Nimra Haroon made a big change when she moved out for the first time at 23. Now, less than 10 years later, she’s made another major step for her future — by moving back home again.
Haroon lived at home during college, commuting between her parents’ house in a suburb outside Houston and her classes in the city. That worked for her at the time, but she regretted not having a traditional college experience. She moved to Washington, D.C. shortly after graduation for work, where she enjoyed having space away from her parents.
But D.C. rents aren’t cheap. Last year, she realized there was no way she could simultaneously pay for a high rent, pay off her debt and help her parents financially, who were growing older and needed more medical assistance. At 30, she made the decision to move back home.
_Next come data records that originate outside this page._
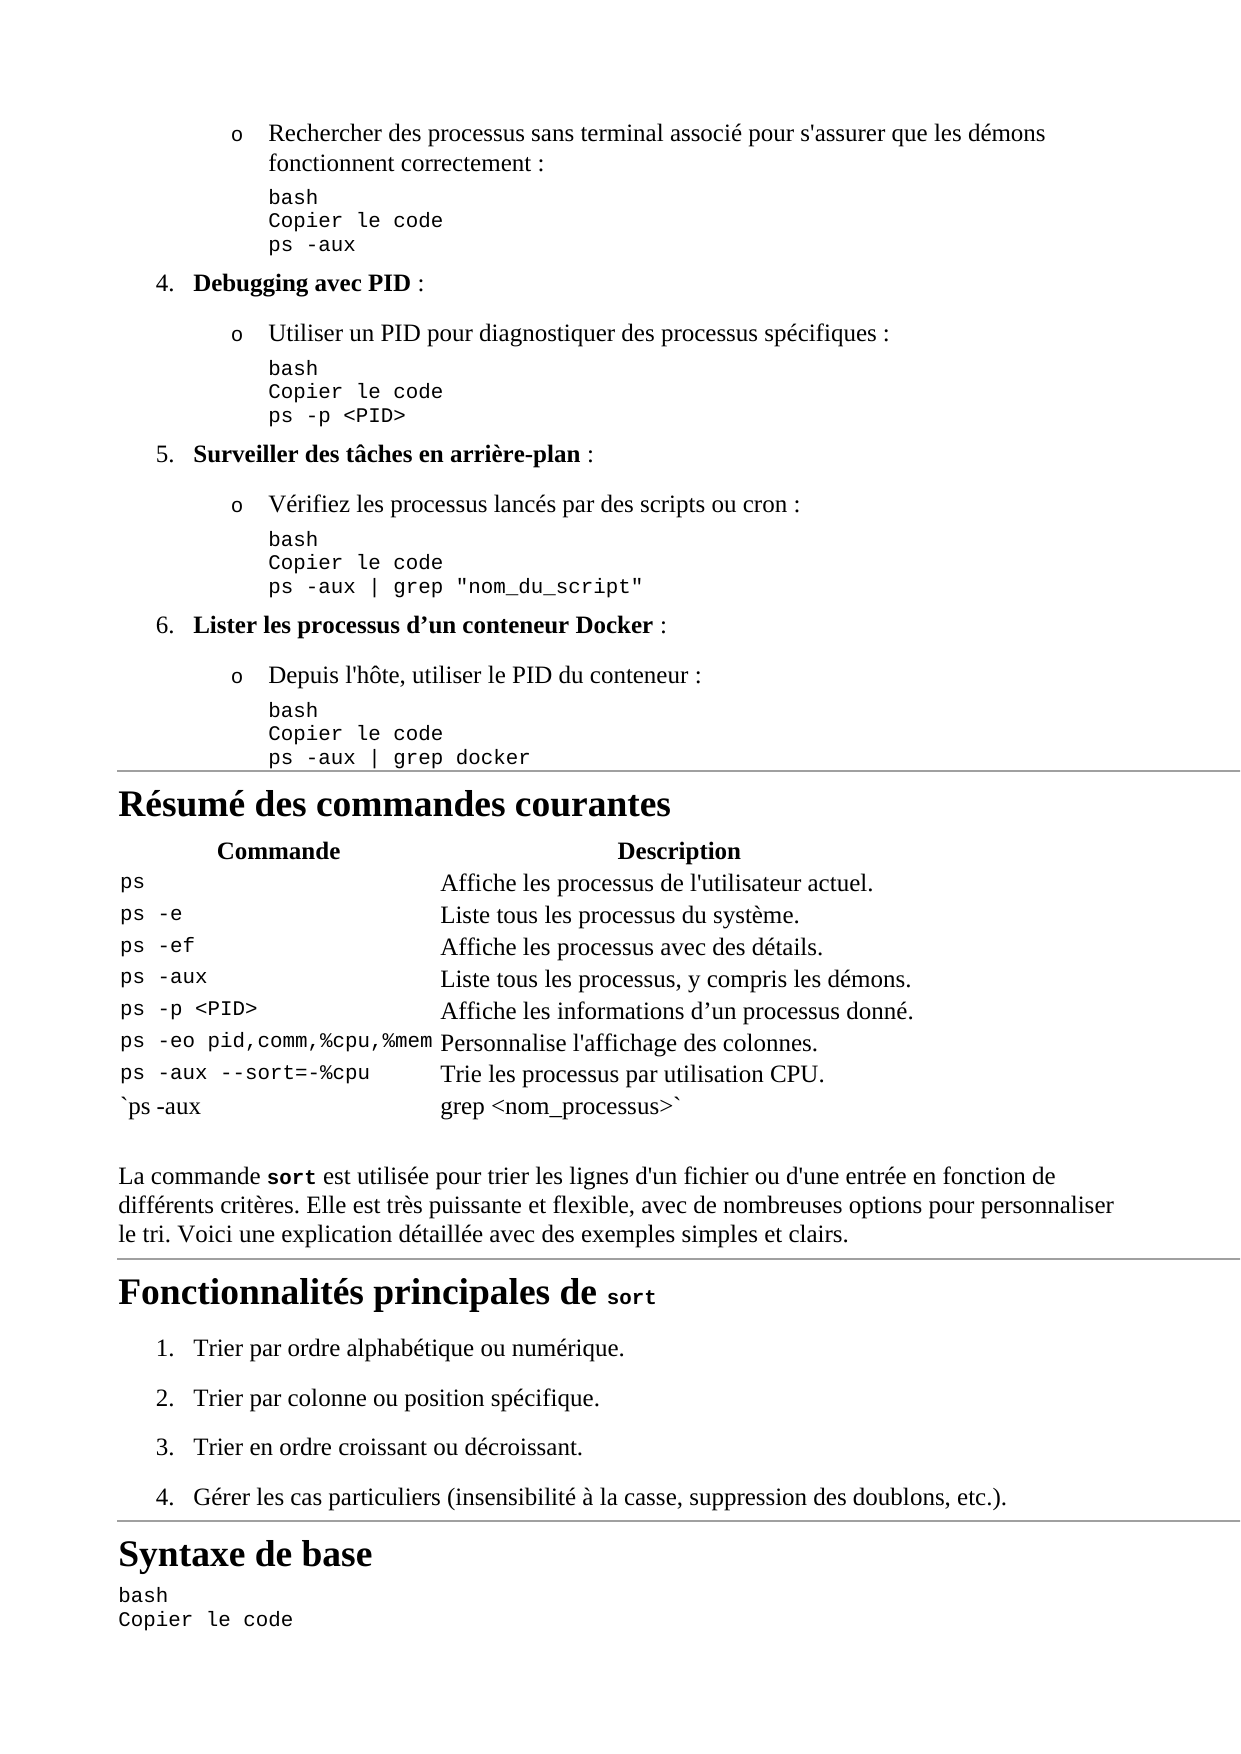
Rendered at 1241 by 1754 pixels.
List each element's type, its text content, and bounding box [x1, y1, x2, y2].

list Trier par colonne ou position spécifique. [156, 1383, 1122, 1411]
text bash [268, 358, 1122, 381]
table_cell ps -p <PID> [118, 994, 438, 1026]
text bash [268, 700, 1122, 723]
table_cell grep <nom_processus>` [439, 1090, 920, 1122]
table_cell Trie les processus par utilisation CPU. [439, 1058, 920, 1090]
text Copier le code [268, 381, 1122, 405]
text bash [118, 1585, 1122, 1609]
table_cell `ps -aux [118, 1090, 438, 1122]
text ps -aux [268, 234, 1122, 258]
list Depuis l'hôte, utiliser le PID du conteneur : [231, 660, 1122, 689]
text ps -p <PID> [268, 405, 1122, 429]
text Copier le code [118, 1609, 1122, 1633]
table_cell Liste tous les processus du système. [439, 899, 920, 931]
text bash [268, 187, 1122, 211]
text Copier le code [268, 552, 1122, 576]
list Debugging avec PID : [156, 268, 1122, 297]
table_cell Personnalise l'affichage des colonnes. [439, 1026, 920, 1058]
table_cell ps -eo pid,comm,%cpu,%mem [118, 1026, 438, 1058]
text bash [268, 529, 1122, 552]
table_cell ps -aux [118, 963, 438, 994]
list Rechercher des processus sans terminal associé pour s'assurer que les démons fonctionnent correctement : [231, 118, 1122, 176]
list Vérifiez les processus lancés par des scripts ou cron : [231, 489, 1122, 518]
subtitle Résumé des commandes courantes [118, 781, 1122, 824]
table_cell ps -e [118, 899, 438, 931]
text Copier le code [268, 723, 1122, 747]
subtitle Fonctionnalités principales de sort [118, 1269, 1122, 1312]
table_header Description [439, 835, 920, 867]
table_cell Liste tous les processus, y compris les démons. [439, 963, 920, 994]
table_cell ps [118, 867, 438, 899]
text La commande sort est utilisée pour trier les lignes d'un fichier ou d'une entrée en fonction de différents critères. Elle est très puissante et flexible, avec de nombreuses options pour personnaliser le tri. Voici une explication détaillée avec des exemples simples et clairs. [118, 1161, 1122, 1248]
list Trier en ordre croissant ou décroissant. [156, 1432, 1122, 1461]
table_cell ps -aux --sort=-%cpu [118, 1058, 438, 1090]
table_header Commande [118, 835, 438, 867]
table_cell Affiche les informations d’un processus donné. [439, 994, 920, 1026]
list Gérer les cas particuliers (insensibilité à la casse, suppression des doublons, etc.). [156, 1482, 1122, 1511]
list Surveiller des tâches en arrière-plan : [156, 439, 1122, 468]
list Utiliser un PID pour diagnostiquer des processus spécifiques : [231, 318, 1122, 347]
text ps -aux | grep "nom_du_script" [268, 576, 1122, 600]
list Trier par ordre alphabétique ou numérique. [156, 1333, 1122, 1362]
text ps -aux | grep docker [268, 747, 1122, 770]
subtitle Syntaxe de base [118, 1532, 1122, 1575]
table_cell Affiche les processus avec des détails. [439, 931, 920, 962]
text Copier le code [268, 211, 1122, 234]
list Lister les processus d’un conteneur Docker : [156, 610, 1122, 639]
table_cell ps -ef [118, 931, 438, 962]
table_cell Affiche les processus de l'utilisateur actuel. [439, 867, 920, 899]

In today’s challenging economic climate, millennials (ages 28-43) like Haroon are struggling to keep up with the financial demands of being in their 30s: paying rent, affording everyday expenses, trying to save for a home or build an emergency fund, learning to invest, paying off student loans, saving for retirement and more. To do it all, many millennials are leaning on their resources — such as moving in with their parents.
More than 2 in 5 (42 percent) millennials currently receive, or have received, ongoing financial assistance from their parents/guardians at age 23 or older, according to Bankrate’s April 2024 Financial Independence Survey. Of those receiving help, millennials are the likeliest generation (52 percent) to need financial assistance with housing, including assistance with rent payments, financial help toward the purchase of their first home and being permitted to live with parents/guardians for reduced or free rent.
There’s no shame in adults living with their parents, and having the opportunity to pay off debt and save for a future home can feel empowering. Some millennials, like Haroon, are also happy for more quality time with their aging parents. But by giving up freedom when moving back home, many young adults may also feel they’re missing out on an important period of independence.
Living at home offers the advantage of saving money and reducing expenses, and it’s becoming more common among Americans because the cost of living has risen so dramatically in recent years.
— Alex Gailey, Bankrate Lead Data Reporter
Bankrate’s insights on millennials living at home
- Millennials tend to get help from their parents with housing. 52% of millennials who are receiving financial help from their parents/guardians (or who received help past age 23) cite needing help with housing costs, including rent payments, being permitted to live with reduced or free rent or receiving assistance with the purchase of their first home, according to Bankrate’s Financial Independence Survey.
- Millennials who don’t own homes struggle to afford one. 77% of millennials who don’t own a home cite affordability as a reason why, such as having too much debt, not being able to afford a down payment and closing costs or not having enough income, according to Bankrate’s Home Affordability Report.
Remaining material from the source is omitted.